(PROBLEM STATEMENT):
Please output every entry below exactly as written, leaving out any pictures.

(THE RECORDS):

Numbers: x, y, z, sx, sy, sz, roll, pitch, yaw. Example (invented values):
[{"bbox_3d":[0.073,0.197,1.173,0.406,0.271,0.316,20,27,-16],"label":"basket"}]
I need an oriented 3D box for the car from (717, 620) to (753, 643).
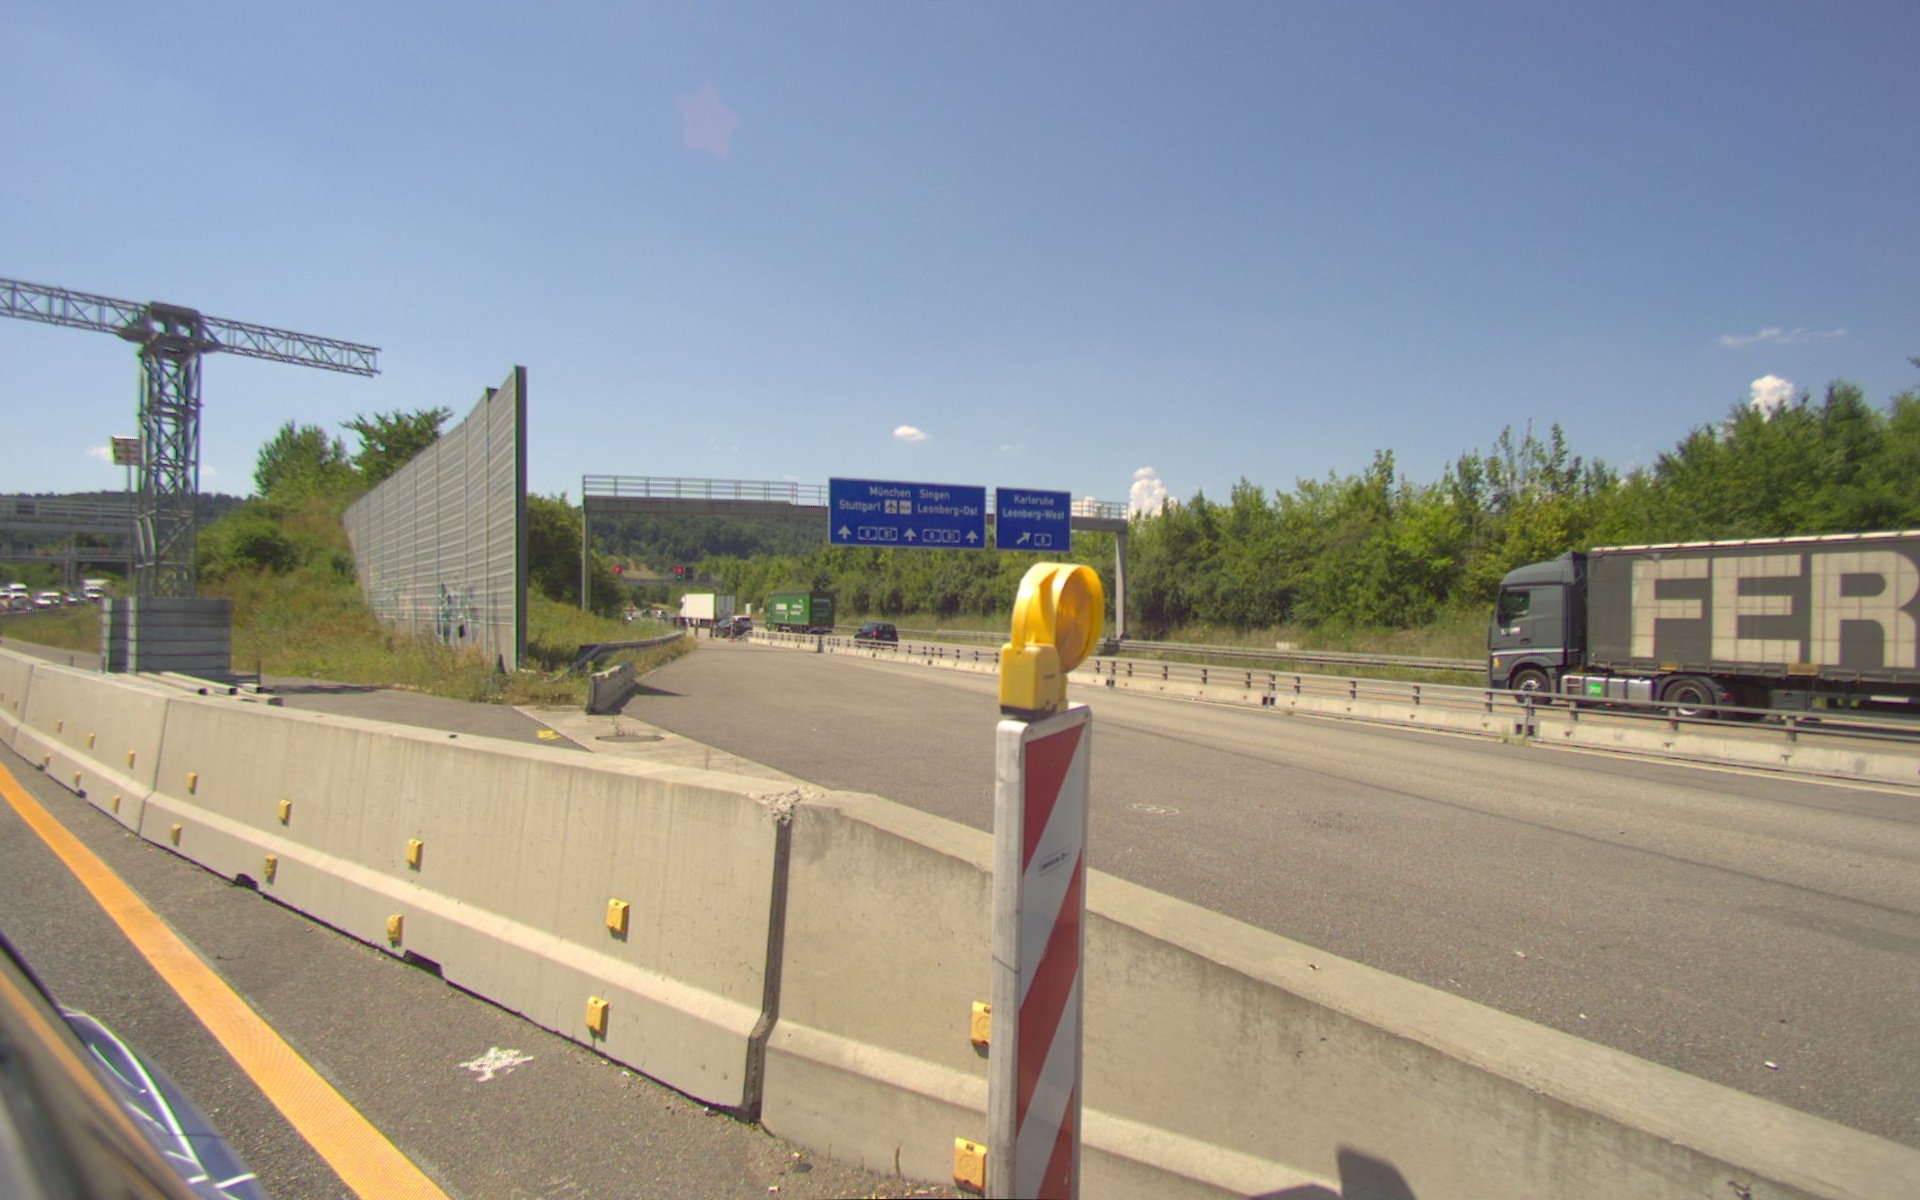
[{"bbox_3d":[-18.225,2.547,81.812,1.673,1.743,4.465,1,-1,-29],"label":"car"}]

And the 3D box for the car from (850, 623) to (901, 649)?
[{"bbox_3d":[-5.238,2.196,62.296,1.692,1.502,3.699,1,-1,-30],"label":"car"}]

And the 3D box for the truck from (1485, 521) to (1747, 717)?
[{"bbox_3d":[15.938,0.456,24.913,2.397,4.302,4.854,1,-1,-27],"label":"truck"}]

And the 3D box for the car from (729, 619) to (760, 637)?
[{"bbox_3d":[-20.165,2.575,94.458,1.692,1.636,4.183,1,0,-29],"label":"car"}]

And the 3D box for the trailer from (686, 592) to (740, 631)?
[{"bbox_3d":[-29.526,1.270,120.382,3.496,4.302,13.954,0,0,-26],"label":"trailer"}]

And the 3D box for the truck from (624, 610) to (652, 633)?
[{"bbox_3d":[-65.857,4.394,206.675,3.496,4.302,13.954,0,0,-26],"label":"truck"}]

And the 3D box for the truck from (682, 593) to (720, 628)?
[{"bbox_3d":[-32.438,1.260,126.504,3.496,4.302,5.798,0,0,-26],"label":"truck"}]

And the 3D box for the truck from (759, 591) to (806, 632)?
[{"bbox_3d":[-18.985,1.180,108.135,3.496,4.302,5.798,0,0,-26],"label":"truck"}]

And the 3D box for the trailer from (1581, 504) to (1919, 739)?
[{"bbox_3d":[19.090,0.409,18.629,2.401,4.329,13.854,1,-1,-27],"label":"trailer"}]

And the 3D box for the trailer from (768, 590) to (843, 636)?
[{"bbox_3d":[-15.707,1.206,101.327,3.496,4.302,13.954,0,0,-26],"label":"trailer"}]

(THE COMPLETED TASK):
Numbers: x, y, z, sx, sy, sz, roll, pitch, yaw. Example (invented values):
[{"bbox_3d":[0.073,0.197,1.173,0.406,0.271,0.316,20,27,-16],"label":"basket"}]
I need an oriented 3D box for the car from (717, 620) to (753, 643).
[{"bbox_3d":[-18.225,2.547,81.812,1.673,1.743,4.465,1,-1,-29],"label":"car"}]

And the 3D box for the car from (850, 623) to (901, 649)?
[{"bbox_3d":[-5.238,2.196,62.296,1.692,1.502,3.699,1,-1,-30],"label":"car"}]

And the 3D box for the truck from (1485, 521) to (1747, 717)?
[{"bbox_3d":[15.938,0.456,24.913,2.397,4.302,4.854,1,-1,-27],"label":"truck"}]

And the 3D box for the car from (729, 619) to (760, 637)?
[{"bbox_3d":[-20.165,2.575,94.458,1.692,1.636,4.183,1,0,-29],"label":"car"}]

And the 3D box for the trailer from (686, 592) to (740, 631)?
[{"bbox_3d":[-29.526,1.270,120.382,3.496,4.302,13.954,0,0,-26],"label":"trailer"}]

And the 3D box for the truck from (624, 610) to (652, 633)?
[{"bbox_3d":[-65.857,4.394,206.675,3.496,4.302,13.954,0,0,-26],"label":"truck"}]

And the 3D box for the truck from (682, 593) to (720, 628)?
[{"bbox_3d":[-32.438,1.260,126.504,3.496,4.302,5.798,0,0,-26],"label":"truck"}]

And the 3D box for the truck from (759, 591) to (806, 632)?
[{"bbox_3d":[-18.985,1.180,108.135,3.496,4.302,5.798,0,0,-26],"label":"truck"}]

And the 3D box for the trailer from (1581, 504) to (1919, 739)?
[{"bbox_3d":[19.090,0.409,18.629,2.401,4.329,13.854,1,-1,-27],"label":"trailer"}]

And the 3D box for the trailer from (768, 590) to (843, 636)?
[{"bbox_3d":[-15.707,1.206,101.327,3.496,4.302,13.954,0,0,-26],"label":"trailer"}]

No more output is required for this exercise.